Natural aromatic polymers, mainly melanins, have potential and current applications in the cosmetic, pharmaceutical and chemical industries. The biotechnological production of this class of compounds is based on tyrosinase-dependent conversion of L-tyrosine and other aromatic substrates into melanins. The purpose of this work was to apply metabolic engineering for generating Escherichia coli strains with the capacity to synthesize an aromatic polymer from a simple carbon source.

Results

The strategy was based on the expression in E. coli of the MutmelA gene from Rhizobium etli, encoding an improved mutant tyrosinase. To direct the carbon flow from central metabolism into the common aromatic and the L-tyrosine biosynthetic pathways, feedback inhibition resistant versions of key enzymes were expressed in strains lacking the sugar phosphotransferase system and TyrR repressor. The expressed tyrosinase consumed intracellular L-tyrosine, thus causing growth impairment in the engineered strains. To avoid this issue, a two phase production process was devised, where tyrosinase activity was controlled by the delayed addition of the cofactor Cu. Following this procedure, 3.22 g/L of melanin were produced in 120 h with glucose as carbon source. Analysis of produced melanin by Fourier transform infrared spectroscopy revealed similar characteristics to a pure eumelanin standard.

Conclusions

This is the first report of a process for producing melanin from a simple carbon source at grams level, having the potential for reducing production cost when compared to technologies employing L-tyrosine as raw material.

Background

Melanins constitute a diverse class of aromatic polymers synthesized by organisms from most biological groups [1]. The biological functions of this class of compounds are various and mainly related to protection from environmental stresses [2]. Eumelanin, a common type of melanin, is synthesized from L- tyrosine by copper containing enzymes called tyrosinases (monophenol monooxygenase EC 1.14.18.1). Using molecular oxygen, these enzymes catalyze the hydroxylation of L-tyrosine to L-dihydroxyphenylalanine (cresolase activity) and its subsequent oxidation to dopachrome (catecholase activity). Dopachrome non-enzymatically oxidizes and polymerizes to form eumelanin [3].
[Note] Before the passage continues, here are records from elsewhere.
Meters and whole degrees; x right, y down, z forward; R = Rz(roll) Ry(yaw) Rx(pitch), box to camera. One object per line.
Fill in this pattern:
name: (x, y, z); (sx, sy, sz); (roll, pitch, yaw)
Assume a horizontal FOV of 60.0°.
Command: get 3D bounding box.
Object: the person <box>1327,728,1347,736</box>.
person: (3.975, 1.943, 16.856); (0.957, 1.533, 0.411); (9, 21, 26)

The characterization of melanins has revealed properties having potential industrial applications. Melanins can act as UV absorbers, amorphous semiconductors, cation exchangers, X-ray and γ-ray absorbers [2, 4]. Therefore, there is considerable interest in the development of biotechnological processes for the production of these polymers. Production of melanins has been achieved in liquid cultures of naturally melanogenic and also with recombinant microorganisms [57]. The expression in Escherichia coli of heterologous genes encoding tyrosinases from Streptomyces antibioticus or Rhizobium etli has resulted in the generation of strains capable of transforming L-tyrosine or other substrates into melanins [79]. Production processes based on these recombinant microorganisms consist in the bioconversion of supplemented L-tyrosine into melanin in cultures with minimal or complex media.

Metabolic engineering of E. coli and other bacterial species has been applied to the generation of strains that overproduce L-tyrosine, employing simple sugars as raw material [10, 11]. These strains have the potential for total synthesis of melanin if they also expressed a tyrosinase activity. Recently, a method was developed to enable correlation of melanin production with the amount of L-tyrosine synthesized by engineered strains that express a tyrosinase from R. etli, thus demonstrating the feasibility of melanin production from glucose in E. coli[12]. However, since this method was developed for screening purposes, melanin formation from glucose was only verified by visual inspection in Petri dishes.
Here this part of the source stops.